Contro tutto e tutti. “Against everything and everybody.” FC Internazionale di Milano (Inter Milan to you and me) have a new motto. Last weekend, when Inter wrapped up their 18th league title, it was the buzz phrase of choice, repeated like a mantra in press interviews by club president Massimo Moratti, captain Javier Zanetti and resident nutter Marco Materazzi. A siege mentality, a feeling of us against the world, has taken hold of the club over the past couple of years and it’s all, of course, down to just one man: Jose Mourinho.
Mourinho, more than anyone, has completely changed the personality of the club.
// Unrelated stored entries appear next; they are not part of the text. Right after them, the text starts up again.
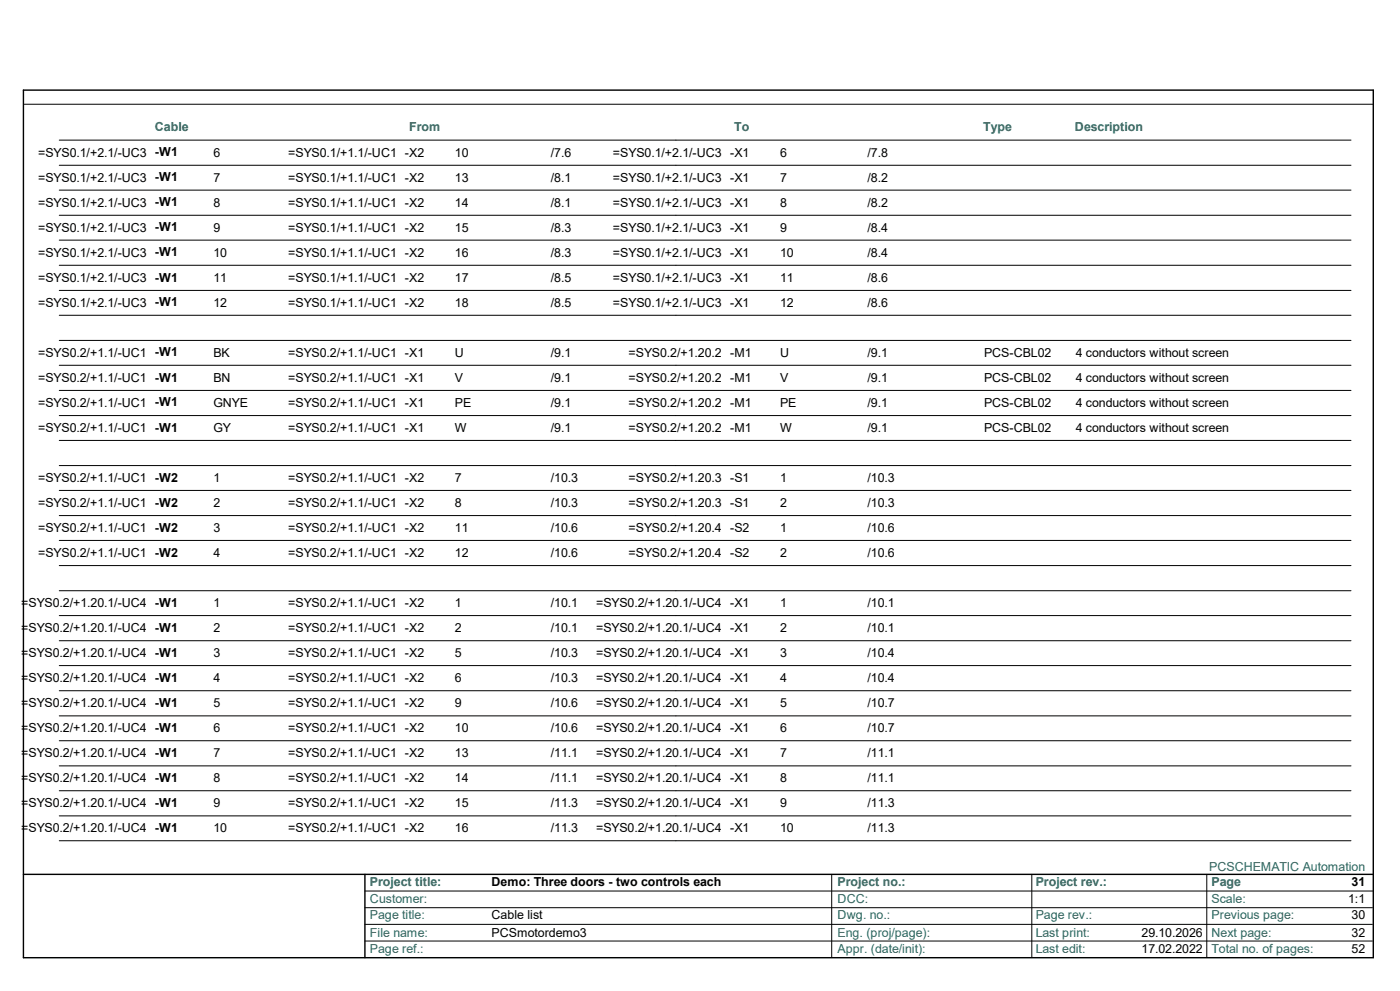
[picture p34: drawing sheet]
<svg xmlns="http://www.w3.org/2000/svg" width="420mm" height="297mm" viewBox="0 0 420 297" stroke-linecap="round" stroke-linejoin="round" font-family="sans-serif">
<defs><g id="words">
<g font-size="3.7" fill="#27675f">
<text x="46.5" y="39.4">Cable</text>
<text x="122.8" y="39.4">From</text>
<text x="220.2" y="39.4">To</text>
<text x="295" y="39.4">Type</text>
<text x="322.5" y="39.4">Description</text>
<text x="362.8" y="260.9">PCSCHEMATIC Automation</text>
<text x="111" y="265.6">Project title:</text>
<text x="251.3" y="265.6">Project no.:</text>
<text x="310.7" y="265.6">Project rev.:</text>
<text x="363.5" y="265.6">Page</text>
<text x="111" y="270.7">Customer:</text>
<text x="111" y="275.5">Page title:</text>
<text x="251.3" y="275.5">Dwg. no.:</text>
<text x="251.3" y="270.7">DCC:</text>
<text x="310.7" y="275.5">Page rev.:</text>
<text x="363.5" y="275.5">Previous page:</text>
<text x="363.5" y="270.7">Scale:</text>
<text x="111" y="280.7">File name:</text>
<text x="251.3" y="280.7">Eng. (proj/page):</text>
<text x="310.7" y="280.7">Last print:</text>
<text x="363.5" y="280.7">Next page:</text>
<text x="111" y="285.5">Page ref.:</text>
<text x="251.3" y="285.5">Appr. (date/init):</text>
<text x="310.7" y="285.5">Last edit:</text>
<text x="363.5" y="285.5">Total no. of pages:</text>
</g>
<g font-size="3.7">
<text x="11.4" y="47">=SYS0.1/+2.1/-UC3 -W1</text>
<text x="64" y="47">6</text>
<text x="86.4" y="47">=SYS0.1/+1.1/-UC1 -X2</text>
<text x="136.5" y="47">10</text>
<text x="165.3" y="47">/7.6</text>
<text x="183.9" y="47">=SYS0.1/+2.1/-UC3 -X1</text>
<text x="234" y="47">6</text>
<text x="260.3" y="47">/7.8</text>
<text x="11.4" y="54.4">=SYS0.1/+2.1/-UC3 -W1</text>
<text x="64" y="54.4">7</text>
<text x="86.4" y="54.4">=SYS0.1/+1.1/-UC1 -X2</text>
<text x="136.5" y="54.4">13</text>
<text x="165.3" y="54.4">/8.1</text>
<text x="183.9" y="54.4">=SYS0.1/+2.1/-UC3 -X1</text>
<text x="234" y="54.4">7</text>
<text x="260.3" y="54.4">/8.2</text>
<text x="11.4" y="62">=SYS0.1/+2.1/-UC3 -W1</text>
<text x="64" y="62">8</text>
<text x="86.4" y="62">=SYS0.1/+1.1/-UC1 -X2</text>
<text x="136.5" y="62">14</text>
<text x="165.3" y="62">/8.1</text>
<text x="183.9" y="62">=SYS0.1/+2.1/-UC3 -X1</text>
<text x="234" y="62">8</text>
<text x="260.3" y="62">/8.2</text>
<text x="11.4" y="69.4">=SYS0.1/+2.1/-UC3 -W1</text>
<text x="64" y="69.4">9</text>
<text x="86.4" y="69.4">=SYS0.1/+1.1/-UC1 -X2</text>
<text x="136.5" y="69.4">15</text>
<text x="165.3" y="69.4">/8.3</text>
<text x="183.9" y="69.4">=SYS0.1/+2.1/-UC3 -X1</text>
<text x="234" y="69.4">9</text>
<text x="260.3" y="69.4">/8.4</text>
<text x="11.4" y="77">=SYS0.1/+2.1/-UC3 -W1</text>
<text x="64" y="77">10</text>
<text x="86.4" y="77">=SYS0.1/+1.1/-UC1 -X2</text>
<text x="136.5" y="77">16</text>
<text x="165.3" y="77">/8.3</text>
<text x="183.9" y="77">=SYS0.1/+2.1/-UC3 -X1</text>
<text x="234" y="77">10</text>
<text x="260.3" y="77">/8.4</text>
<text x="11.4" y="84.5">=SYS0.1/+2.1/-UC3 -W1</text>
<text x="64" y="84.5">11</text>
<text x="86.4" y="84.5">=SYS0.1/+1.1/-UC1 -X2</text>
<text x="136.5" y="84.5">17</text>
<text x="165.3" y="84.5">/8.5</text>
<text x="183.9" y="84.5">=SYS0.1/+2.1/-UC3 -X1</text>
<text x="234" y="84.5">11</text>
<text x="260.3" y="84.5">/8.6</text>
<text x="11.4" y="91.9">=SYS0.1/+2.1/-UC3 -W1</text>
<text x="64" y="91.9">12</text>
<text x="86.4" y="91.9">=SYS0.1/+1.1/-UC1 -X2</text>
<text x="136.5" y="91.9">18</text>
<text x="165.3" y="91.9">/8.5</text>
<text x="183.9" y="91.9">=SYS0.1/+2.1/-UC3 -X1</text>
<text x="234" y="91.9">12</text>
<text x="260.3" y="91.9">/8.6</text>
<text x="11.4" y="106.9">=SYS0.2/+1.1/-UC1 -W1</text>
<text x="64" y="106.9">BK</text>
<text x="86.4" y="106.9">=SYS0.2/+1.1/-UC1 -X1</text>
<text x="136.5" y="106.9">U</text>
<text x="165.3" y="106.9">/9.1</text>
<text x="188.6" y="106.9">=SYS0.2/+1.20.2 -M1</text>
<text x="234" y="106.9">U</text>
<text x="260.3" y="106.9">/9.1</text>
<text x="295.2" y="106.9">PCS-CBL02</text>
<text x="322.7" y="106.9">4 conductors without screen</text>
<text x="11.4" y="114.5">=SYS0.2/+1.1/-UC1 -W1</text>
<text x="64" y="114.5">BN</text>
<text x="86.4" y="114.5">=SYS0.2/+1.1/-UC1 -X1</text>
<text x="136.5" y="114.5">V</text>
<text x="165.3" y="114.5">/9.1</text>
<text x="188.6" y="114.5">=SYS0.2/+1.20.2 -M1</text>
<text x="234" y="114.5">V</text>
<text x="260.3" y="114.5">/9.1</text>
<text x="295.2" y="114.5">PCS-CBL02</text>
<text x="322.7" y="114.5">4 conductors without screen</text>
<text x="11.4" y="121.9">=SYS0.2/+1.1/-UC1 -W1</text>
<text x="64" y="121.9">GNYE</text>
<text x="86.4" y="121.9">=SYS0.2/+1.1/-UC1 -X1</text>
<text x="136.5" y="121.9">PE</text>
<text x="165.3" y="121.9">/9.1</text>
<text x="188.6" y="121.9">=SYS0.2/+1.20.2 -M1</text>
<text x="234" y="121.9">PE</text>
<text x="260.3" y="121.9">/9.1</text>
<text x="295.2" y="121.9">PCS-CBL02</text>
<text x="322.7" y="121.9">4 conductors without screen</text>
<text x="11.4" y="129.4">=SYS0.2/+1.1/-UC1 -W1</text>
<text x="64" y="129.4">GY</text>
<text x="86.4" y="129.4">=SYS0.2/+1.1/-UC1 -X1</text>
<text x="136.5" y="129.4">W</text>
<text x="165.3" y="129.4">/9.1</text>
<text x="188.6" y="129.4">=SYS0.2/+1.20.2 -M1</text>
<text x="234" y="129.4">W</text>
<text x="260.3" y="129.4">/9.1</text>
<text x="295.2" y="129.4">PCS-CBL02</text>
<text x="322.7" y="129.4">4 conductors without screen</text>
<text x="11.4" y="144.4">=SYS0.2/+1.1/-UC1 -W2</text>
<text x="64" y="144.4">1</text>
<text x="86.4" y="144.4">=SYS0.2/+1.1/-UC1 -X2</text>
<text x="136.5" y="144.4">7</text>
<text x="165.3" y="144.4">/10.3</text>
<text x="188.6" y="144.4">=SYS0.2/+1.20.3 -S1</text>
<text x="234" y="144.4">1</text>
<text x="260.3" y="144.4">/10.3</text>
<text x="11.4" y="152">=SYS0.2/+1.1/-UC1 -W2</text>
<text x="64" y="152">2</text>
<text x="86.4" y="152">=SYS0.2/+1.1/-UC1 -X2</text>
<text x="136.5" y="152">8</text>
<text x="165.3" y="152">/10.3</text>
<text x="188.6" y="152">=SYS0.2/+1.20.3 -S1</text>
<text x="234" y="152">2</text>
<text x="260.3" y="152">/10.3</text>
<text x="11.4" y="159.4">=SYS0.2/+1.1/-UC1 -W2</text>
<text x="64" y="159.4">3</text>
<text x="86.4" y="159.4">=SYS0.2/+1.1/-UC1 -X2</text>
<text x="136.5" y="159.4">11</text>
<text x="165.3" y="159.4">/10.6</text>
<text x="188.6" y="159.4">=SYS0.2/+1.20.4 -S2</text>
<text x="234" y="159.4">1</text>
<text x="260.3" y="159.4">/10.6</text>
<text x="11.4" y="167">=SYS0.2/+1.1/-UC1 -W2</text>
<text x="64" y="167">4</text>
<text x="86.4" y="167">=SYS0.2/+1.1/-UC1 -X2</text>
<text x="136.5" y="167">12</text>
<text x="165.3" y="167">/10.6</text>
<text x="188.6" y="167">=SYS0.2/+1.20.4 -S2</text>
<text x="234" y="167">2</text>
<text x="260.3" y="167">/10.6</text>
<text x="6.3" y="181.9">=SYS0.2/+1.20.1/-UC4 -W1</text>
<text x="64" y="181.9">1</text>
<text x="86.4" y="181.9">=SYS0.2/+1.1/-UC1 -X2</text>
<text x="136.5" y="181.9">1</text>
<text x="165.3" y="181.9">/10.1</text>
<text x="178.8" y="181.9">=SYS0.2/+1.20.1/-UC4 -X1</text>
<text x="234" y="181.9">1</text>
<text x="260.3" y="181.9">/10.1</text>
<text x="6.3" y="189.5">=SYS0.2/+1.20.1/-UC4 -W1</text>
<text x="64" y="189.5">2</text>
<text x="86.4" y="189.5">=SYS0.2/+1.1/-UC1 -X2</text>
<text x="136.5" y="189.5">2</text>
<text x="165.3" y="189.5">/10.1</text>
<text x="178.8" y="189.5">=SYS0.2/+1.20.1/-UC4 -X1</text>
<text x="234" y="189.5">2</text>
<text x="260.3" y="189.5">/10.1</text>
<text x="6.3" y="196.9">=SYS0.2/+1.20.1/-UC4 -W1</text>
<text x="64" y="196.9">3</text>
<text x="86.4" y="196.9">=SYS0.2/+1.1/-UC1 -X2</text>
<text x="136.5" y="196.9">5</text>
<text x="165.3" y="196.9">/10.3</text>
<text x="178.8" y="196.9">=SYS0.2/+1.20.1/-UC4 -X1</text>
<text x="234" y="196.9">3</text>
<text x="260.3" y="196.9">/10.4</text>
<text x="6.3" y="204.5">=SYS0.2/+1.20.1/-UC4 -W1</text>
<text x="64" y="204.5">4</text>
<text x="86.4" y="204.5">=SYS0.2/+1.1/-UC1 -X2</text>
<text x="136.5" y="204.5">6</text>
<text x="165.3" y="204.5">/10.3</text>
<text x="178.8" y="204.5">=SYS0.2/+1.20.1/-UC4 -X1</text>
<text x="234" y="204.5">4</text>
<text x="260.3" y="204.5">/10.4</text>
<text x="6.3" y="211.9">=SYS0.2/+1.20.1/-UC4 -W1</text>
<text x="64" y="211.9">5</text>
<text x="86.4" y="211.9">=SYS0.2/+1.1/-UC1 -X2</text>
<text x="136.5" y="211.9">9</text>
<text x="165.3" y="211.9">/10.6</text>
<text x="178.8" y="211.9">=SYS0.2/+1.20.1/-UC4 -X1</text>
<text x="234" y="211.9">5</text>
<text x="260.3" y="211.9">/10.7</text>
<text x="6.3" y="219.4">=SYS0.2/+1.20.1/-UC4 -W1</text>
<text x="64" y="219.4">6</text>
<text x="86.4" y="219.4">=SYS0.2/+1.1/-UC1 -X2</text>
<text x="136.5" y="219.4">10</text>
<text x="165.3" y="219.4">/10.6</text>
<text x="178.8" y="219.4">=SYS0.2/+1.20.1/-UC4 -X1</text>
<text x="234" y="219.4">6</text>
<text x="260.3" y="219.4">/10.7</text>
<text x="6.3" y="227">=SYS0.2/+1.20.1/-UC4 -W1</text>
<text x="64" y="227">7</text>
<text x="86.4" y="227">=SYS0.2/+1.1/-UC1 -X2</text>
<text x="136.5" y="227">13</text>
<text x="165.3" y="227">/11.1</text>
<text x="178.8" y="227">=SYS0.2/+1.20.1/-UC4 -X1</text>
<text x="234" y="227">7</text>
<text x="260.3" y="227">/11.1</text>
<text x="6.3" y="234.4">=SYS0.2/+1.20.1/-UC4 -W1</text>
<text x="64" y="234.4">8</text>
<text x="86.4" y="234.4">=SYS0.2/+1.1/-UC1 -X2</text>
<text x="136.5" y="234.4">14</text>
<text x="165.3" y="234.4">/11.1</text>
<text x="178.8" y="234.4">=SYS0.2/+1.20.1/-UC4 -X1</text>
<text x="234" y="234.4">8</text>
<text x="260.3" y="234.4">/11.1</text>
<text x="6.3" y="242">=SYS0.2/+1.20.1/-UC4 -W1</text>
<text x="64" y="242">9</text>
<text x="86.4" y="242">=SYS0.2/+1.1/-UC1 -X2</text>
<text x="136.5" y="242">15</text>
<text x="165.3" y="242">/11.3</text>
<text x="178.8" y="242">=SYS0.2/+1.20.1/-UC4 -X1</text>
<text x="234" y="242">9</text>
<text x="260.3" y="242">/11.3</text>
<text x="6.3" y="249.4">=SYS0.2/+1.20.1/-UC4 -W1</text>
<text x="64" y="249.4">10</text>
<text x="86.4" y="249.4">=SYS0.2/+1.1/-UC1 -X2</text>
<text x="136.5" y="249.4">16</text>
<text x="165.3" y="249.4">/11.3</text>
<text x="178.8" y="249.4">=SYS0.2/+1.20.1/-UC4 -X1</text>
<text x="234" y="249.4">10</text>
<text x="260.3" y="249.4">/11.3</text>
<text x="147.5" y="265.6">Demo: Three doors - two controls each</text>
<text x="405.5" y="265.6">31</text>
<text x="147.5" y="275.5">Cable list</text>
<text x="404.5" y="270.7">1:1</text>
<text x="405.5" y="275.5">30</text>
<text x="147.5" y="280.7">PCSmotordemo3</text>
<text x="342.5" y="280.7">29.10.2026</text>
<text x="405.5" y="280.7">32</text>
<text x="342.5" y="285.5">17.02.2022</text>
<text x="405.5" y="285.5">52</text>
</g>
</g></defs>
<path d="M7 27h405v260h-405zM7 262h405M109.5 262v25" fill="none" stroke="#000" stroke-width=".42"/>
<g fill="none" stroke="#000" stroke-width=".3">
<path d="M7.3 31.2h404.7M17.8 42h387.5M17.8 49.5h387.5M17.8 57h387.5M17.8 64.5h387.5M17.8 72h387.5M17.8 79.5h387.5M17.8 87h387.5M17.8 94.5h387.5M17.8 102h387.5M17.8 109.5h387.5M17.8 117h387.5"/>
<path d="M17.8 124.5h387.5M17.8 132h387.5M17.8 139.5h387.5M17.8 147h387.5M17.8 154.5h387.5M17.8 162h387.5M17.8 169.5h387.5M17.8 177h387.5M17.8 184.5h387.5M17.8 192h387.5M17.8 199.5h387.5M17.8 207h387.5"/>
<path d="M17.8 214.5h387.5M17.8 222h387.5M17.8 229.5h387.5M17.8 237h387.5M17.8 244.5h387.5M17.8 252h387.5M109.5 272h302.2M109.5 277h302.2M109.5 267h302.5M249.5 262v25M309.5 262v25M362 262v25"/>
<path d="M109.5 282h302.2"/>
</g>
<use href="#words"/>
</svg>

Of the three big northern stripey teams, Inter were always the romantic losers, often the butt of jokes and jibes in the press and the curvas. They were the team of the arty, left-leaning intellectuals, loved by Mexican zapatistas and air-kissing fashion designers.
Then along came the Calciopoli scandals and, just as crucially, a global recession that Moratti’s millions managed to survive relatively unscathed (unlike Berlusconi’s Fininvest empire and Juve’s cheque-signers Fiat). The Nerazzurri have never looked back, gorging themselves on silverware and firming up a squad now set to claim European glory. Over the past few years Inter have become decidedly antipatico, unlovable and, as Chelsea and Barcelona both now know, buggers to beat.
Mourinho’s arrival, his prickly press conferences and regular outbursts (against Roma boss Claudio Ranieri, against Juventus, against Italian football, but mostly against Italy itself), duly took all this up a notch or two. Inter versus Bayern has a pleasing retro ring to it and, if Inter should lift the cup with the big ears (as Italians like to call it), much will be made of Moratti’s achievement in matching the success of his father Angelo, who oversaw the creation of the European-conqueringgrande Inter side of the 1960s.
Moratti’s one of the nice guys, with a neat line in self-depreciation and fondness for immaculate tailoring. Few but the most rabid Juve fan will want to deny him his triumph, if it comes. But tomorrow night, like every Inter game over the past 18 months or so, will only be about Jose. When the Portuguese heads off to Real Madrid, he’ll leave behind a club that’s finally reclaiming its place among the Euro-elite, that’s being taken seriously again at domestic and international level. Inter has lost a little of its soul, but is now bristling with the arrogance of champions, chest-pumped and ready to take on all comers. Against everything and everybody.